Example: If a company has $3M debt at 6% interest with 21% tax rate:
Interest Expense = $3,000,000 × 6% = $180,000
Tax Shield = $180,000 × 21% = $37,800 saved annually
Interpreting WACC
| WACC Level | Interpretation | Implications |
|---|---|---|
| Low (< 6%) | Cheap capital access | More projects are viable; typically mature, stable companies |
| Moderate (6-10%) | Typical range | Standard hurdle rate for most established companies |
| High (10-15%) | Expensive capital | Projects need high returns; growth companies or risky industries |
| Very High (> 15%) | Very expensive capital | Limited viable projects; distressed or highly speculative companies |
How Companies Use WACC
- Investment Decisions: Projects with returns exceeding WACC create value; those below destroy value
- Valuation: WACC is the discount rate in DCF analysis to calculate present value of future cash flows
- Capital Budgeting: Used to evaluate mergers, acquisitions, and major capital expenditures
- Performance Measurement: Comparing actual returns to WACC shows if the company is creating value
- Capital Structure Optimization: Finding the debt-equity mix that minimizes WACC
Limitations of WACC
- Assumes constant capital structure: WACC calculations assume the company maintains its current debt-equity mix
- Market value estimation: For private companies or complex debt, market values can be difficult to determine
- Beta estimation: Historical betas may not predict future volatility; can vary significantly
- Single discount rate: WACC applies a single rate regardless of project risk differences
- Static analysis: Doesn't account for changing economic conditions or company circumstances
Calculation Example
• Market value of equity: $5,000,000
• Market value of debt: $3,000,000
• Cost of equity: 10%
• Cost of debt: 6%
• Corporate tax rate: 21%
Step 1: Calculate Total Capital
V = E + D = $5,000,000 + $3,000,000 = $8,000,000
Step 2: Calculate Weights
Equity weight = $5,000,000 / $8,000,000 = 62.5%
Debt weight = $3,000,000 / $8,000,000 = 37.5%
Step 3: Calculate After-Tax Cost of Debt
After-tax Rd = 6% × (1 - 0.21) = 4.74%
Step 4: Calculate WACC
WACC = (62.5% × 10%) + (37.5% × 4.74%)
WACC = 6.25% + 1.78%
WACC = 8.03%
Interpretation: The company must earn at least 8.03% on new investments to satisfy all capital providers.
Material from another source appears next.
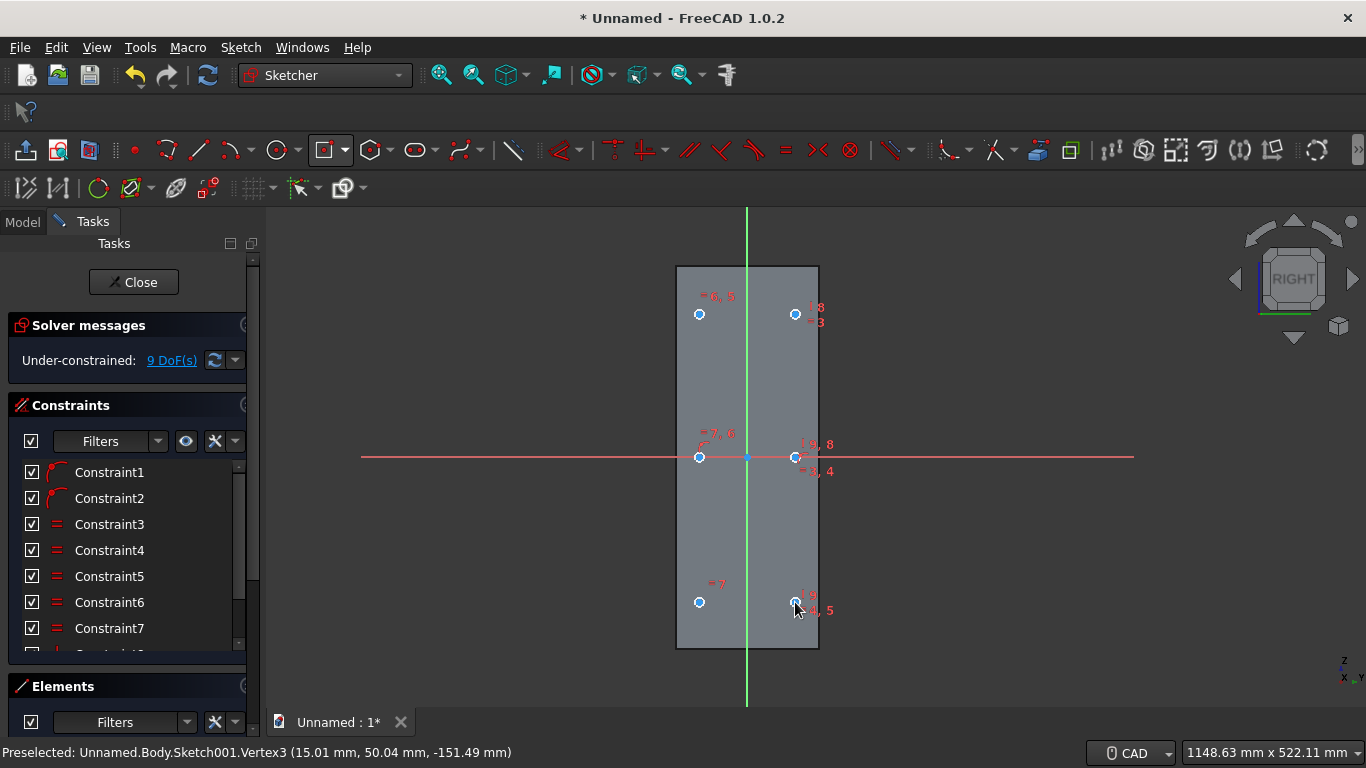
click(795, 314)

Frequently Asked Questions
Why is WACC important?
WACC determines the minimum acceptable return for new investments. Projects returning more than WACC increase shareholder value, while those returning less destroy value. It's also the discount rate used to value companies using DCF analysis.
Should I use book value or market value for WACC?
Market values are preferred because they reflect current investor expectations and actual costs. Book values are historical and may significantly differ from what it would cost to raise capital today.
How often should WACC be recalculated?
WACC should be updated at least annually or whenever significant changes occur in the company's capital structure, credit rating, market conditions, or interest rate environment.
Can WACC be negative?
In practice, WACC cannot be negative. Both equity investors and debt holders expect positive returns for providing capital. A calculated negative WACC would indicate an error in inputs.
What is a good WACC?
There's no universal "good" WACC—it depends on the industry, company size, and market conditions. Generally, lower WACC indicates cheaper capital access. Most established companies have WACC between 6-12%.
How does debt affect WACC?
Initially, adding debt typically lowers WACC because debt is cheaper than equity (due to tax deductibility of interest). However, excessive debt increases financial risk, causing both equity and debt costs to rise, eventually increasing WACC.